Extraña sucesión de infortunios que, poco a poco, fueron minando mi voluntad hasta transformar aquel viejo anhelo de triunfo en esta pacífica convivencia con el fracaso.

jueves, 24 de febrero de 2011

UN REFUGIO

Síntesis del post: Una playa. Un refugio. El viento. Dificultades. Un artículo de apertura. Un agradecimiento fallido.



Una playa semidesierta. Un día de sol pleno. Agua transparente. Calor moderado, bien lejos de aquellas sofocantes temperaturas de fines de diciembre y principios de enero. La pintura no podría ser más apropiada, si no fuera por un pequeño detalle: Es mi último día de vacaciones. Y tal vez, también, porque el viento arrecia. Pero fuera de eso, resulta difícil imaginar una situación más relajante.

Nuestro hombre irrumpe en escena valiéndose de un pequeño sendero que serpentea a través de los médanos. Es un muchacho joven, ronda los treinta y cinco años y no presenta ninguna característica física sobresaliente que merezca ser descripta. Sin embargo haremos hincapié en el hecho de que carga un bulto en la espalda, porque eso sí es de vital importancia para el desarrollo de estas líneas.

Se detiene a pocos metros de nuestra posición, y digo ‘nuestra’ porque en este momento disfruto de la amable compañía de la señora Bigud, que por esas casualidades de la vida también posee alguna relevancia en esta historia.

Vayamos a lo nuestro entonces, que hay mucho por decir aún.
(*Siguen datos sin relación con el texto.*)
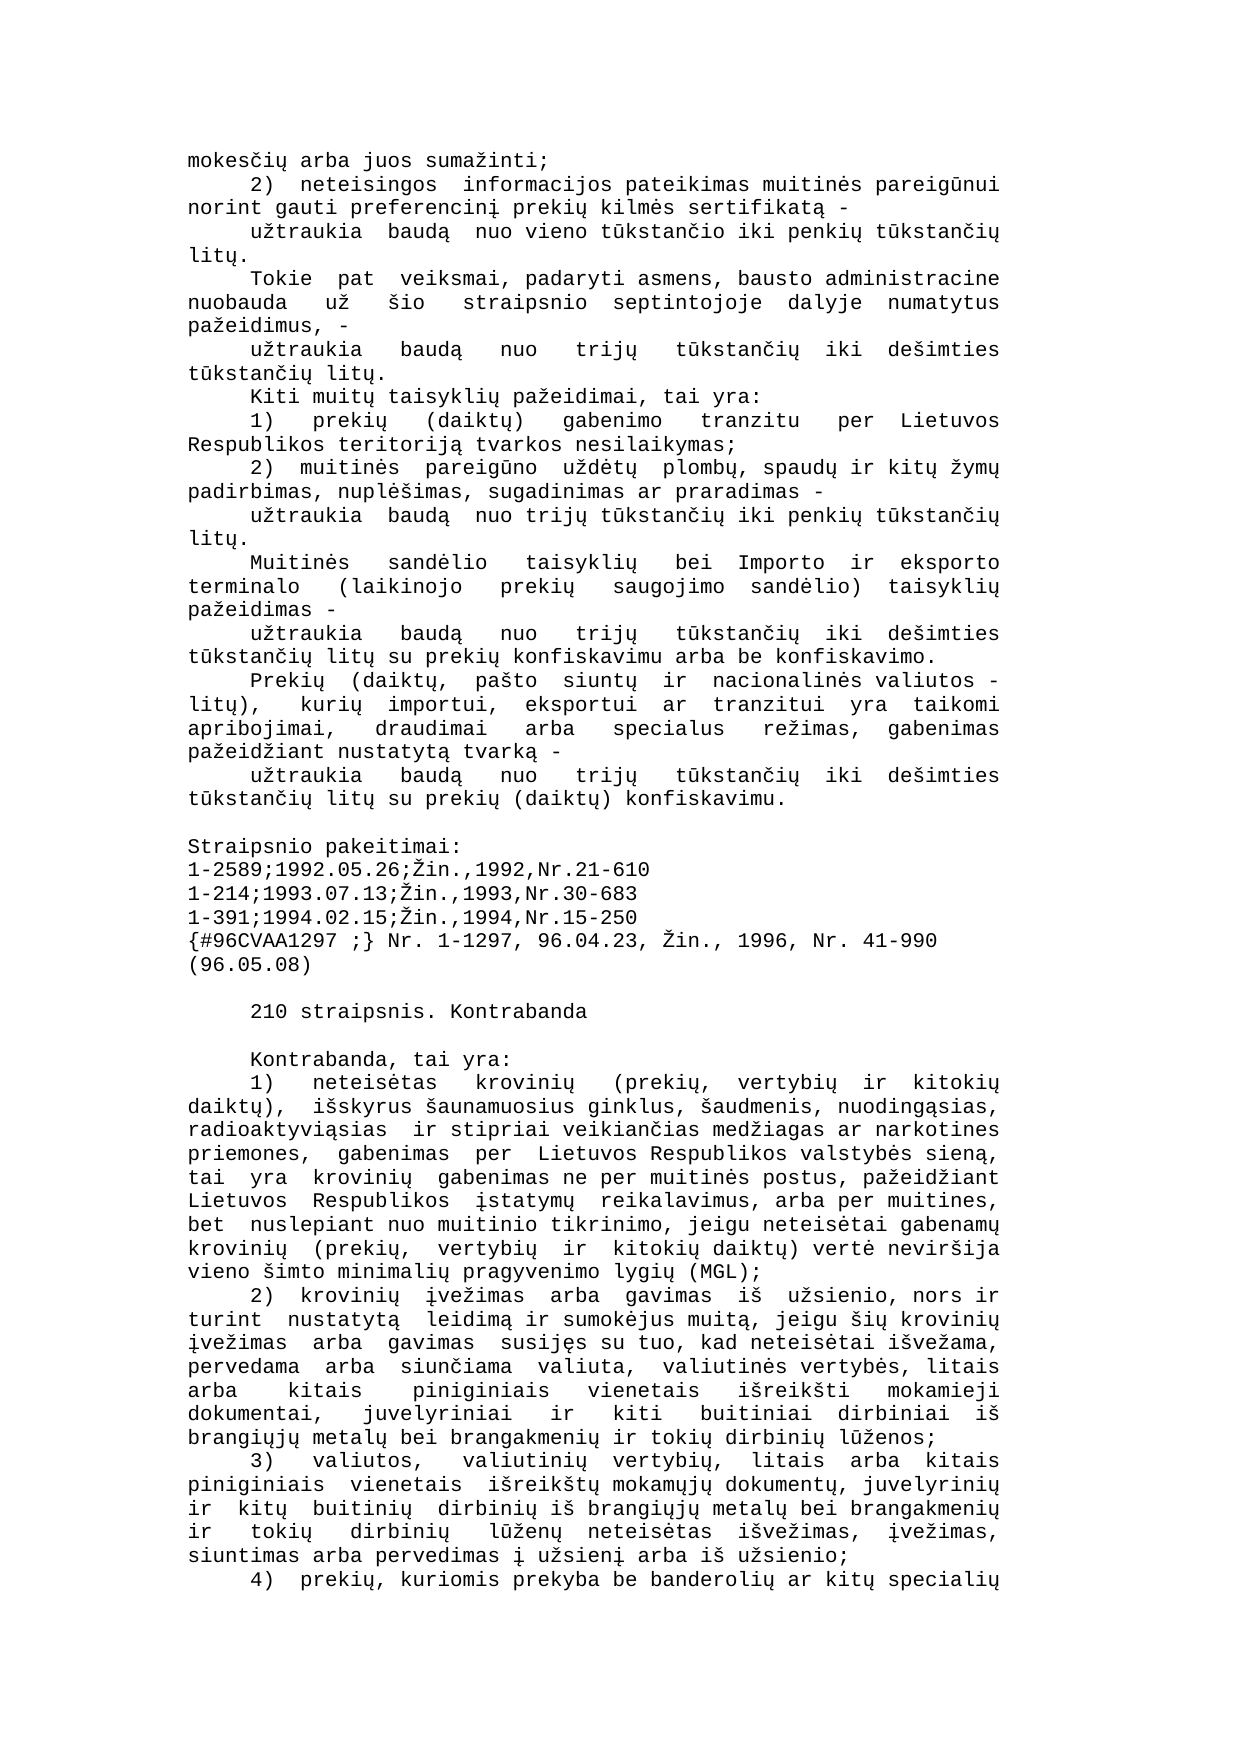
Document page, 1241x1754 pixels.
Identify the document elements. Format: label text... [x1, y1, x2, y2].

text pažeidimas - [187, 599, 1053, 623]
text dokumentai, juvelyriniai ir kiti buitiniai dirbiniai iš [187, 1403, 1053, 1427]
text turint nustatytą leidimą ir sumokėjus muitą, jeigu šių krovinių [187, 1309, 1053, 1332]
text 1-214;1993.07.13;Žin.,1993,Nr.30-683 [187, 883, 1053, 907]
text Kontrabanda, tai yra: [187, 1048, 1053, 1072]
text 2) neteisingos informacijos pateikimas muitinės pareigūnui [187, 174, 1053, 197]
text norint gauti preferencinį prekių kilmės sertifikatą - [187, 197, 1053, 221]
text nuobauda už šio straipsnio septintojoje dalyje numatytus [187, 292, 1053, 316]
text daiktų), išskyrus šaunamuosius ginklus, šaudmenis, nuodingąsias, [187, 1096, 1053, 1119]
text 1) neteisėtas krovinių (prekių, vertybių ir kitokių [187, 1072, 1053, 1096]
text bet nuslepiant nuo muitinio tikrinimo, jeigu neteisėtai gabenamų [187, 1214, 1053, 1238]
text tūkstančių litų su prekių konfiskavimu arba be konfiskavimo. [187, 647, 1053, 670]
text 2) krovinių įvežimas arba gavimas iš užsienio, nors ir [187, 1285, 1053, 1309]
text siuntimas arba pervedimas į užsienį arba iš užsienio; [187, 1545, 1053, 1569]
text pervedama arba siunčiama valiuta, valiutinės vertybės, litais [187, 1356, 1053, 1379]
text padirbimas, nuplėšimas, sugadinimas ar praradimas - [187, 481, 1053, 505]
text krovinių (prekių, vertybių ir kitokių daiktų) vertė neviršija [187, 1238, 1053, 1261]
text piniginiais vienetais išreikštų mokamųjų dokumentų, juvelyrinių [187, 1474, 1053, 1498]
text Lietuvos Respublikos įstatymų reikalavimus, arba per muitines, [187, 1190, 1053, 1214]
text Prekių (daiktų, pašto siuntų ir nacionalinės valiutos - [187, 670, 1053, 694]
text Kiti muitų taisyklių pažeidimai, tai yra: [187, 386, 1053, 410]
text 1) prekių (daiktų) gabenimo tranzitu per Lietuvos [187, 410, 1053, 434]
text 2) muitinės pareigūno uždėtų plombų, spaudų ir kitų žymų [187, 457, 1053, 481]
text pažeidžiant nustatytą tvarką - [187, 741, 1053, 765]
text užtraukia baudą nuo trijų tūkstančių iki penkių tūkstančių [187, 505, 1053, 528]
text užtraukia baudą nuo trijų tūkstančių iki dešimties [187, 623, 1053, 647]
text 3) valiutos, valiutinių vertybių, litais arba kitais [187, 1451, 1053, 1474]
text arba kitais piniginiais vienetais išreikšti mokamieji [187, 1379, 1053, 1403]
text 1-2589;1992.05.26;Žin.,1992,Nr.21-610 [187, 859, 1053, 883]
text mokesčių arba juos sumažinti; [187, 150, 1053, 174]
text 210 straipsnis. Kontrabanda [187, 1001, 1053, 1025]
text Straipsnio pakeitimai: [187, 836, 1053, 859]
text užtraukia baudą nuo trijų tūkstančių iki dešimties [187, 339, 1053, 363]
text ir tokių dirbinių lūženų neteisėtas išvežimas, įvežimas, [187, 1521, 1053, 1545]
text apribojimai, draudimai arba specialus režimas, gabenimas [187, 717, 1053, 741]
text radioaktyviąsias ir stipriai veikiančias medžiagas ar narkotines [187, 1119, 1053, 1143]
text užtraukia baudą nuo trijų tūkstančių iki dešimties [187, 765, 1053, 788]
text 4) prekių, kuriomis prekyba be banderolių ar kitų specialių [187, 1569, 1053, 1592]
text priemones, gabenimas per Lietuvos Respublikos valstybės sieną, [187, 1143, 1053, 1167]
text vieno šimto minimalių pragyvenimo lygių (MGL); [187, 1261, 1053, 1285]
text tūkstančių litų su prekių (daiktų) konfiskavimu. [187, 788, 1053, 812]
text litų. [187, 528, 1053, 552]
text Muitinės sandėlio taisyklių bei Importo ir eksporto [187, 552, 1053, 576]
text ir kitų buitinių dirbinių iš brangiųjų metalų bei brangakmenių [187, 1498, 1053, 1521]
text terminalo (laikinojo prekių saugojimo sandėlio) taisyklių [187, 576, 1053, 599]
text Tokie pat veiksmai, padaryti asmens, bausto administracine [187, 268, 1053, 292]
text {#96CVAA1297 ;} Nr. 1-1297, 96.04.23, Žin., 1996, Nr. 41-990 (96.05.08) [187, 930, 1053, 978]
text 1-391;1994.02.15;Žin.,1994,Nr.15-250 [187, 907, 1053, 930]
text užtraukia baudą nuo vieno tūkstančio iki penkių tūkstančių [187, 221, 1053, 244]
text litų. [187, 244, 1053, 268]
text įvežimas arba gavimas susijęs su tuo, kad neteisėtai išvežama, [187, 1332, 1053, 1356]
text tūkstančių litų. [187, 363, 1053, 386]
text brangiųjų metalų bei brangakmenių ir tokių dirbinių lūženos; [187, 1427, 1053, 1451]
text litų), kurių importui, eksportui ar tranzitui yra taikomi [187, 694, 1053, 717]
text tai yra krovinių gabenimas ne per muitinės postus, pažeidžiant [187, 1167, 1053, 1190]
text pažeidimus, - [187, 316, 1053, 339]
text Respublikos teritoriją tvarkos nesilaikymas; [187, 434, 1053, 457]
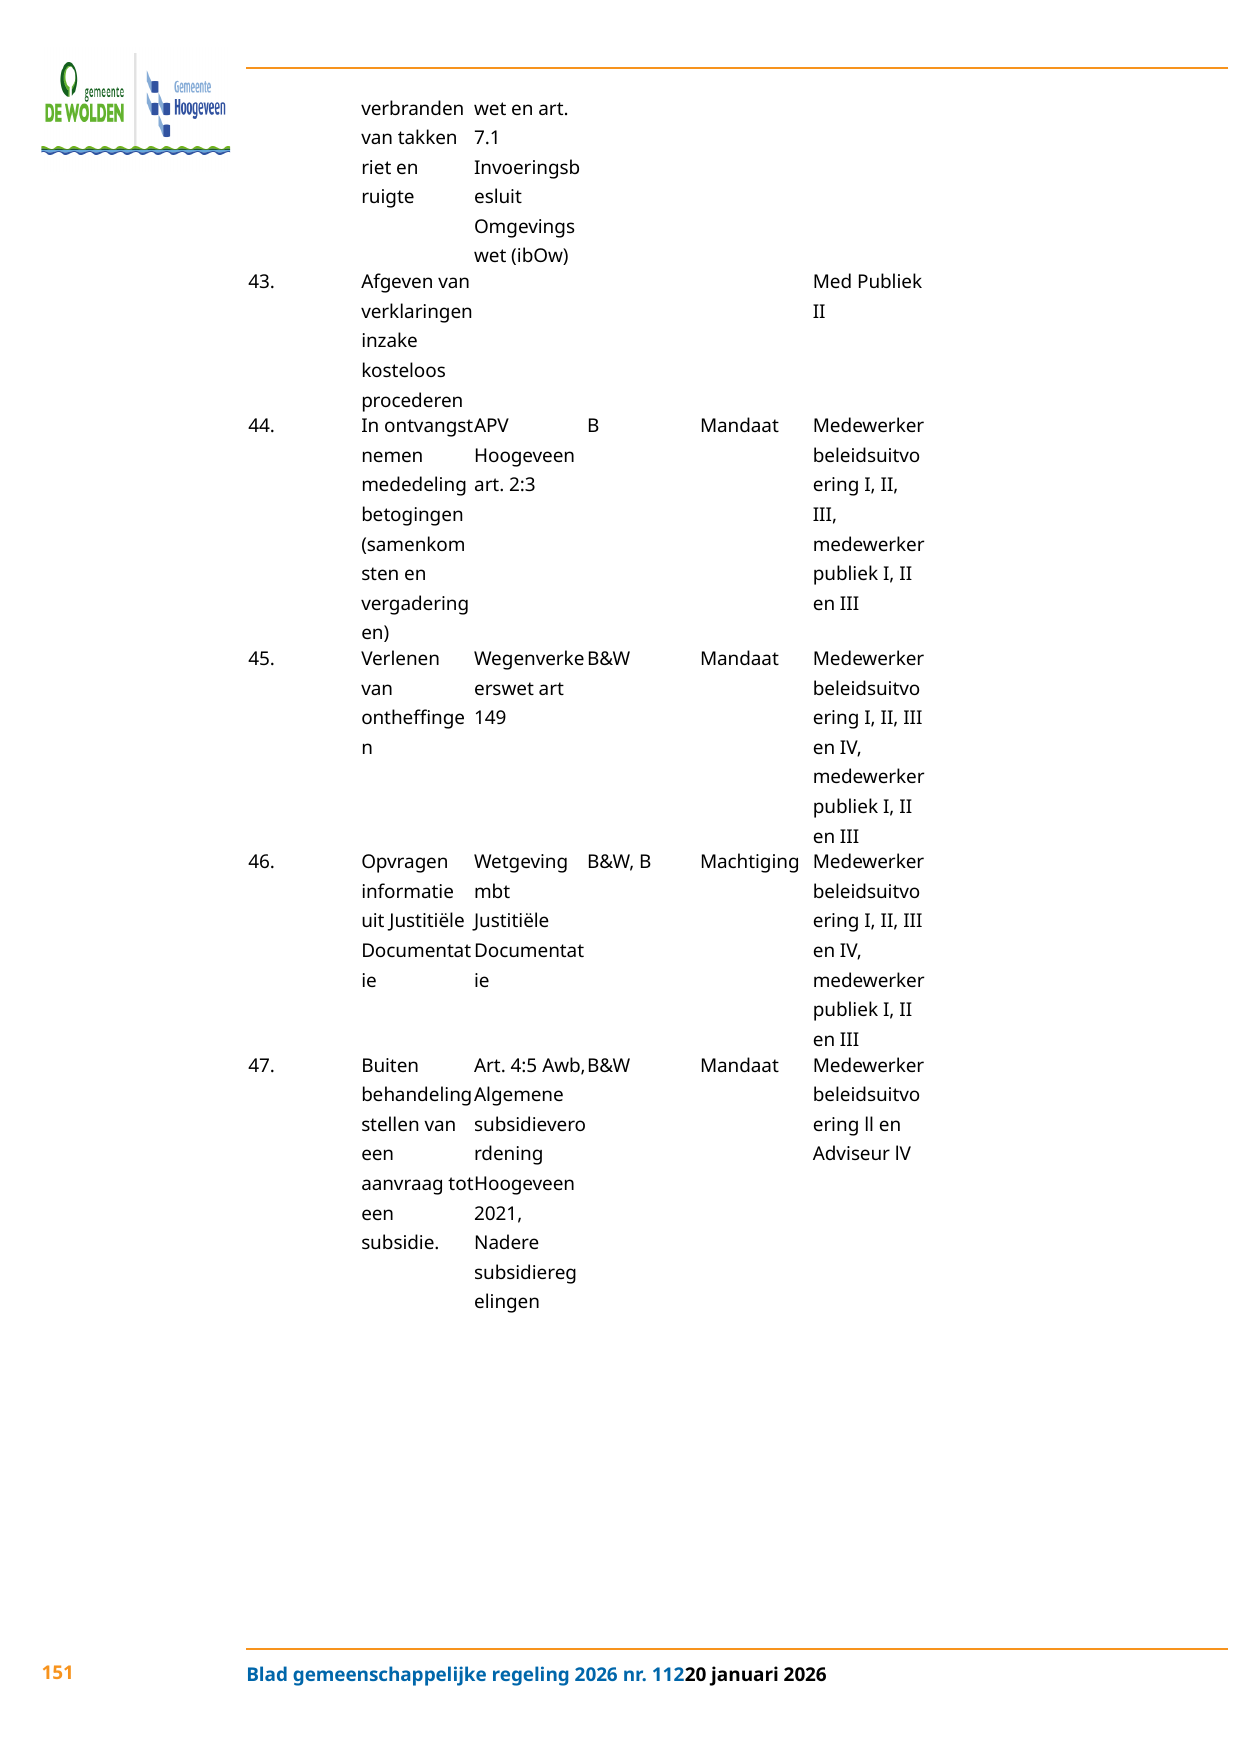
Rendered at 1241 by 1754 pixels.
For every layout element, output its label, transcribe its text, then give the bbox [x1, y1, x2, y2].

table_cell [926, 269, 1038, 412]
table_cell B&W [587, 645, 700, 848]
table_cell Mandaat [700, 1052, 813, 1314]
table_cell Machtiging [700, 849, 813, 1052]
table_cell B&W [587, 1052, 700, 1314]
table_cell [813, 95, 926, 268]
table_cell In ontvangst nemen mededeling betogingen (samenkomsten en vergaderingen) [361, 413, 474, 645]
table_cell APV Hoogeveen art. 2:3 [474, 413, 587, 645]
table_cell Afgeven van verklaringen inzake kosteloos procederen [361, 269, 474, 412]
table_cell verbranden van takken riet en ruigte [361, 95, 474, 268]
table_cell Wetgeving mbt Justitiële Documentatie [474, 849, 587, 1052]
picture [41, 47, 231, 172]
table_cell [587, 269, 700, 412]
table_cell Mandaat [700, 413, 813, 645]
table_cell Buiten behandeling stellen van een aanvraag tot een subsidie. [361, 1052, 474, 1314]
table_cell Verlenen van ontheffingen [361, 645, 474, 848]
table_cell 47. [248, 1052, 361, 1314]
table_cell 44. [248, 413, 361, 645]
table_cell B&W, B [587, 849, 700, 1052]
table_cell [248, 95, 361, 268]
table_cell [1039, 95, 1152, 268]
table_cell [926, 413, 1038, 645]
table_cell Medewerker beleidsuitvoering I, II, III, medewerker publiek I, II en III [813, 413, 926, 645]
table_cell [926, 849, 1038, 1052]
table_cell Medewerker beleidsuitvoering I, II, III en IV, medewerker publiek I, II en III [813, 645, 926, 848]
table_cell Mandaat [700, 645, 813, 848]
table_cell 45. [248, 645, 361, 848]
table_cell [474, 269, 587, 412]
table_cell Wegenverkeerswet art 149 [474, 645, 587, 848]
table_cell B [587, 413, 700, 645]
table_cell Art. 4:5 Awb, Algemene subsidieverordening Hoogeveen 2021, Nadere subsidieregelingen [474, 1052, 587, 1314]
table_cell Opvragen informatie uit Justitiële Documentatie [361, 849, 474, 1052]
table_cell wet en art. 7.1 Invoeringsbesluit Omgevingswet (ibOw) [474, 95, 587, 268]
table_cell Medewerker beleidsuitvoering ll en Adviseur lV [813, 1052, 926, 1314]
table_cell [700, 269, 813, 412]
table_cell Medewerker beleidsuitvoering I, II, III en IV, medewerker publiek I, II en III [813, 849, 926, 1052]
table_cell [926, 1052, 1038, 1314]
table_cell Med Publiek II [813, 269, 926, 412]
table_cell [587, 95, 700, 268]
table_cell [926, 95, 1038, 268]
table_cell 43. [248, 269, 361, 412]
table_cell [700, 95, 813, 268]
table_cell 46. [248, 849, 361, 1052]
table_cell [926, 645, 1038, 848]

Resulta ser que el bulto que carga nuestro héroe es una carpa de las que se utilizan para camping. Esas que una vez armadas adquieren una apariencia muy similar a la de un iglú. Son sencillas, prácticas y sólidas. Con dos varas flexibles, cuatro estacas y un pedazo de tela toma forma un refugio acogedor y espacioso, a prueba de las inclemencias del tiempo.

Sin embargo, vale aclarar que las inclemencias del tiempo suelen ser previas al armado de la carpa, y allí radica el problema que se avecina irremediablemente. No sé si les dije, y si no les dije se los digo ahora, que el viento arrecia.

Ni bien nuestro héroe comienza con el procedimiento según las instrucciones que de seguro ha leído en el living de su casa, percibo que vamos a ser testigos de un drama. Y digo ‘vamos’ porque, no sé si les dije, disfruto de la amable compañía de la señora Bigud, que a medida que los minutos vayan pasando también tendrá un pequeño papel en esta obra.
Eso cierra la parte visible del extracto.